Recorded information —

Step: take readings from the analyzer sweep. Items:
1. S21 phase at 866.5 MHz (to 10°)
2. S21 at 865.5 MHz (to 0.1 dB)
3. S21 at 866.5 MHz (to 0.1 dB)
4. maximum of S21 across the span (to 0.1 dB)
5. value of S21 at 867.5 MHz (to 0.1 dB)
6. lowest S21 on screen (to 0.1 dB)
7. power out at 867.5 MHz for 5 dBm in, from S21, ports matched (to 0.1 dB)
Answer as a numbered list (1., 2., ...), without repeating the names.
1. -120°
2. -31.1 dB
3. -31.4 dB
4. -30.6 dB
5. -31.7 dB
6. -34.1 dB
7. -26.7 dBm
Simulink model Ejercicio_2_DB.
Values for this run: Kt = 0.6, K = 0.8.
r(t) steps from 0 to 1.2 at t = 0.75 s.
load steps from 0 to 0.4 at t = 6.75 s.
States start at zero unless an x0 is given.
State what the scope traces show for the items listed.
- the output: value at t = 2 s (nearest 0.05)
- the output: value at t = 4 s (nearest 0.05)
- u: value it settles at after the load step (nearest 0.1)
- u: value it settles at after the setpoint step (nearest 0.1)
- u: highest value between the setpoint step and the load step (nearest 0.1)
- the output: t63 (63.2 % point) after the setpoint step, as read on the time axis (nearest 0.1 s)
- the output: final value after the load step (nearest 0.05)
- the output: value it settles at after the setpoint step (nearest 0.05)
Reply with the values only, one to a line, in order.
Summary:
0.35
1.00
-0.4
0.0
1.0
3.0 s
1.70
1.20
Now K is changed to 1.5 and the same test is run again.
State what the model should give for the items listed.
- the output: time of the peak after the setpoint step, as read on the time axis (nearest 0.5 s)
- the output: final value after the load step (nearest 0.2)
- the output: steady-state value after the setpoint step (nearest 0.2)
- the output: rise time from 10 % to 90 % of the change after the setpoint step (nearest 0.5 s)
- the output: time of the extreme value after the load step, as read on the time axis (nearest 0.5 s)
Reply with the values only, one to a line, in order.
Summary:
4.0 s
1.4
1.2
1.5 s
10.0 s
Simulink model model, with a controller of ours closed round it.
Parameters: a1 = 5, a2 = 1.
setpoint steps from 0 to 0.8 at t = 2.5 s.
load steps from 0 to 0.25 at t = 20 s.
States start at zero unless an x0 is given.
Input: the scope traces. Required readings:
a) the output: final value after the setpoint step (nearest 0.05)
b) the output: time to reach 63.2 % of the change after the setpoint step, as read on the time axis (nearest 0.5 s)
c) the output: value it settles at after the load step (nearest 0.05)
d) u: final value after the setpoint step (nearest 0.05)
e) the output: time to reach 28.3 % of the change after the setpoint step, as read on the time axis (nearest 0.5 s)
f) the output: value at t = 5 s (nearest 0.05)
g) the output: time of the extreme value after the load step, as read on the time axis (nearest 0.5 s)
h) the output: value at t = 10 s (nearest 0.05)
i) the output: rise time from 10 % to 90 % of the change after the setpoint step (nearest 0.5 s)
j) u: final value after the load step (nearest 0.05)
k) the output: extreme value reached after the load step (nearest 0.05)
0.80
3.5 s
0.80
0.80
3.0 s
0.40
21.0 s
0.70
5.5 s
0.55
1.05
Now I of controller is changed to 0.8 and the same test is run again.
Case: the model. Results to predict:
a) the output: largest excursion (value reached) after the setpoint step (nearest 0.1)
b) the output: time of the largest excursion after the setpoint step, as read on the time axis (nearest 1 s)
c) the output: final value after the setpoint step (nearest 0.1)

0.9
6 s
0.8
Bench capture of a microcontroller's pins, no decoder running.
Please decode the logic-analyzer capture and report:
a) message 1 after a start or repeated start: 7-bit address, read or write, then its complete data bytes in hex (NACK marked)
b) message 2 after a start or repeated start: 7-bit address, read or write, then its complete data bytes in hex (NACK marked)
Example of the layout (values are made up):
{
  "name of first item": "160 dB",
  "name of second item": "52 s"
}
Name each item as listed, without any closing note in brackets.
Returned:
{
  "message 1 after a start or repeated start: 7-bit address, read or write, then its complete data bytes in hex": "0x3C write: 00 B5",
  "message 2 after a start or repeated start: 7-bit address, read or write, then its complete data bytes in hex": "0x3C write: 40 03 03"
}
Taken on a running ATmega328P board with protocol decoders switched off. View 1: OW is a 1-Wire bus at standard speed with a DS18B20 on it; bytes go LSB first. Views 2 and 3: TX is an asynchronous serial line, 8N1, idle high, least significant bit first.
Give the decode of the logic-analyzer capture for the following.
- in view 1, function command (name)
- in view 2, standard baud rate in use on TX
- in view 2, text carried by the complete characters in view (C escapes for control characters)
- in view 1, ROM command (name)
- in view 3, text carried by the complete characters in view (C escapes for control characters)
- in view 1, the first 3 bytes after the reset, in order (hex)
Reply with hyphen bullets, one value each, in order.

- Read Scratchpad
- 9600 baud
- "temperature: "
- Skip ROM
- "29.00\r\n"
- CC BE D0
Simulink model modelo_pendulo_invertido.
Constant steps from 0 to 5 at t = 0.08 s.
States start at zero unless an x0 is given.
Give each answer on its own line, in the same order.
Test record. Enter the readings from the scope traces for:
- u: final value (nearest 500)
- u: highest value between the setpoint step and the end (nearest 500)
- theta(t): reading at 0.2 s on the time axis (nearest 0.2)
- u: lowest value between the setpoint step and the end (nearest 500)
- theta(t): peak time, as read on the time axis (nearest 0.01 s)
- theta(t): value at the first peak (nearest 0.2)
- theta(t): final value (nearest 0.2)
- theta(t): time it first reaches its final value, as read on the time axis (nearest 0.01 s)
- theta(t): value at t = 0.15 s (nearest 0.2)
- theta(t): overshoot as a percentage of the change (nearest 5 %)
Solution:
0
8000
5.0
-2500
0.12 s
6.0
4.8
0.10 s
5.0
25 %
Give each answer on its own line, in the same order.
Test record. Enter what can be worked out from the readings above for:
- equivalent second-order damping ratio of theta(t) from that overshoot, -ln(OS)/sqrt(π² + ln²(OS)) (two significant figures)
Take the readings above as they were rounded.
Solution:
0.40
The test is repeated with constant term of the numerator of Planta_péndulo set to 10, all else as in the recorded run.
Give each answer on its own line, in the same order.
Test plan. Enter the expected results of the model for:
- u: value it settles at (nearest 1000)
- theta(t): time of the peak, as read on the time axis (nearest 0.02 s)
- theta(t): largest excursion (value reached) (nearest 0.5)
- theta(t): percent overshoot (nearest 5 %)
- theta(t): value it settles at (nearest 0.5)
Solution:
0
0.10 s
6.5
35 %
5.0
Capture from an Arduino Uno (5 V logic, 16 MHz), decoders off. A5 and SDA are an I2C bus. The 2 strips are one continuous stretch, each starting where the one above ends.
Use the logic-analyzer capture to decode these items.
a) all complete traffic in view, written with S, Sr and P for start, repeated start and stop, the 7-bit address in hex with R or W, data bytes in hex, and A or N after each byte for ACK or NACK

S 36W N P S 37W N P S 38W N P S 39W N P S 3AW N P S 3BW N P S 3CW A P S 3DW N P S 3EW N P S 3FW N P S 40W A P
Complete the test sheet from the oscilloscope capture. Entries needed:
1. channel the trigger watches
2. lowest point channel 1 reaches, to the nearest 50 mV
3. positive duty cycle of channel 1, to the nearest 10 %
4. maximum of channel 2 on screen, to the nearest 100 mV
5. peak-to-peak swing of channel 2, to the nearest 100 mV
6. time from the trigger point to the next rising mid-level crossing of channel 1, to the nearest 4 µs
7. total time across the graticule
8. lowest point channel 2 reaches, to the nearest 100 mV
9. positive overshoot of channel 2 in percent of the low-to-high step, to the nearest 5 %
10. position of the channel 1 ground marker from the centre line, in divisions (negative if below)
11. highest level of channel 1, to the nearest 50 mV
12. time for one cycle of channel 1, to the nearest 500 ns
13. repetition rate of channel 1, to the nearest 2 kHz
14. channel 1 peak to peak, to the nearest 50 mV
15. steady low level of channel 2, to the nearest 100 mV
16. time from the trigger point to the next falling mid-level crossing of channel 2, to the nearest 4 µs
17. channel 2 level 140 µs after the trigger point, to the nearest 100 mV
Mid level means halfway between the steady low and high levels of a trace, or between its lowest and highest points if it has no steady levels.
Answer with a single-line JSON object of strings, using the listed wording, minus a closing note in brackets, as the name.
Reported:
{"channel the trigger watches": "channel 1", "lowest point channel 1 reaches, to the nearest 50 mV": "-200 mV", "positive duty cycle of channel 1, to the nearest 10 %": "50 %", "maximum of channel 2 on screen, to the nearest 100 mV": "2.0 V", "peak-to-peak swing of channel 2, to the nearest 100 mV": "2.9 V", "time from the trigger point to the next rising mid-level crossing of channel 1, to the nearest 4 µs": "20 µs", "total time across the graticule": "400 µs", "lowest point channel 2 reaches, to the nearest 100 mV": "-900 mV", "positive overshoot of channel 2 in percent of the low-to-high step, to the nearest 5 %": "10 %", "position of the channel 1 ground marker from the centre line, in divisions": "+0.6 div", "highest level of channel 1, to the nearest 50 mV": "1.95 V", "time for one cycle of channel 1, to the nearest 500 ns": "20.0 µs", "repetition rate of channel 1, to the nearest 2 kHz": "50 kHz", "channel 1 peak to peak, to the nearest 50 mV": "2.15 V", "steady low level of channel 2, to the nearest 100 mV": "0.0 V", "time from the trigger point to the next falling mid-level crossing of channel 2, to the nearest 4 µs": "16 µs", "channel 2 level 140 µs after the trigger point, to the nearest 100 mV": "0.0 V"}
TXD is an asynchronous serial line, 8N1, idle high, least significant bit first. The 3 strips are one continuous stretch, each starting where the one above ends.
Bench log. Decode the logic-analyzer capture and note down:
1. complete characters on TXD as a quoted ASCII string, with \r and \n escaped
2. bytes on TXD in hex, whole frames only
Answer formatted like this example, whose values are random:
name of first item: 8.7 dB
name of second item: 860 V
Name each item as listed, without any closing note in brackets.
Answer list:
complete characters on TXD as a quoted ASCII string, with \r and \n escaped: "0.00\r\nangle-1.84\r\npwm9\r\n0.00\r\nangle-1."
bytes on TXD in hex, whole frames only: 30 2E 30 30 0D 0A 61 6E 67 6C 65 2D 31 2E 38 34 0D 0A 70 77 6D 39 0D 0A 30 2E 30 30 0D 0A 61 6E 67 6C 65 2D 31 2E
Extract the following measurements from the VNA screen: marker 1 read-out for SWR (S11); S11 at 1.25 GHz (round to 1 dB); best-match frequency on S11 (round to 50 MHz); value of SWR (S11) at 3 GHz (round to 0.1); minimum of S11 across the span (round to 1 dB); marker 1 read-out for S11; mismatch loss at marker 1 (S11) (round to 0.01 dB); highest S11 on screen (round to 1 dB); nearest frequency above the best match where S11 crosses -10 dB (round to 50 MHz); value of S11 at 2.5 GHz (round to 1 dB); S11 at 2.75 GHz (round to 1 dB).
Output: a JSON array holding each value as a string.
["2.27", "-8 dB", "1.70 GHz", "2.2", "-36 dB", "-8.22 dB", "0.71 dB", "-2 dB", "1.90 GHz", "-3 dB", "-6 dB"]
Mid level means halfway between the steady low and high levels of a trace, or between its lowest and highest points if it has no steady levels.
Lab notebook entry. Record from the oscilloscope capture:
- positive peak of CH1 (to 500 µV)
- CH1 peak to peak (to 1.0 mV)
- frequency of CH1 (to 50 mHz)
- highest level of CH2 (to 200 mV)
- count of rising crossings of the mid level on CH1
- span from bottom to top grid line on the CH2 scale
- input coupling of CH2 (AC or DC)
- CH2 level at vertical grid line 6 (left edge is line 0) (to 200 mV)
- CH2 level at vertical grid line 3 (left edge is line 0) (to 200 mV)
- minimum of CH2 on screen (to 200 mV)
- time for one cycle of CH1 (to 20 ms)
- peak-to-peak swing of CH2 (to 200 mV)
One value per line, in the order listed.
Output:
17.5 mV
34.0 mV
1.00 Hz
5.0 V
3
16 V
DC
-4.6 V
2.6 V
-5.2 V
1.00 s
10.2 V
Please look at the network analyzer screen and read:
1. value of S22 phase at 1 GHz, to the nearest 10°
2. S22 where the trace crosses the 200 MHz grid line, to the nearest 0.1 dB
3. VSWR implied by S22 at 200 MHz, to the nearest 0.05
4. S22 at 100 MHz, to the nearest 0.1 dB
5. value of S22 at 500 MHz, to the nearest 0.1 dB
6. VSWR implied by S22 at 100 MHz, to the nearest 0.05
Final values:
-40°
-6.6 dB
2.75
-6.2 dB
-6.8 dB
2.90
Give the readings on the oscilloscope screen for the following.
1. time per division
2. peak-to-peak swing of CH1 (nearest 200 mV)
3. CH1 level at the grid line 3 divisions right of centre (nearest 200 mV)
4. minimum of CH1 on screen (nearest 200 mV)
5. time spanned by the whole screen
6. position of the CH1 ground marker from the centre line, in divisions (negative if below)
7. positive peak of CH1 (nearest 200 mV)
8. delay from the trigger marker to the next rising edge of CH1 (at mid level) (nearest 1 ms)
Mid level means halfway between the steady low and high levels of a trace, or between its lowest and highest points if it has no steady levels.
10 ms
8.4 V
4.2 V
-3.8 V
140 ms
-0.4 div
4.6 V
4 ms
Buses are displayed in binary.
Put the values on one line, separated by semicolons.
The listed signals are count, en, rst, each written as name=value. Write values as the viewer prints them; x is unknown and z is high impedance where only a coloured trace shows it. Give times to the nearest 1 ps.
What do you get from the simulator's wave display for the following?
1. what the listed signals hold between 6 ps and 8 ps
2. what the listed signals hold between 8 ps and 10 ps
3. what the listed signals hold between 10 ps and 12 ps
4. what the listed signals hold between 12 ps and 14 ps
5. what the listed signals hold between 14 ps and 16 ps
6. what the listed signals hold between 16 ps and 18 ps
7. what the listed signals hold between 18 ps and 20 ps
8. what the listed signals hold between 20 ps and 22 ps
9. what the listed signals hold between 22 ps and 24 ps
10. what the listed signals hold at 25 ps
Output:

Your objective — Where a line of the listing holds "edge", show that line.

Task response —
- CH2 level at vertical grid line 6 (left edge is line 0) (to 200 mV)
- CH2 level at vertical grid line 3 (left edge is line 0) (to 200 mV)
8. delay from the trigger marker to the next rising edge of CH1 (at mid level) (nearest 1 ms)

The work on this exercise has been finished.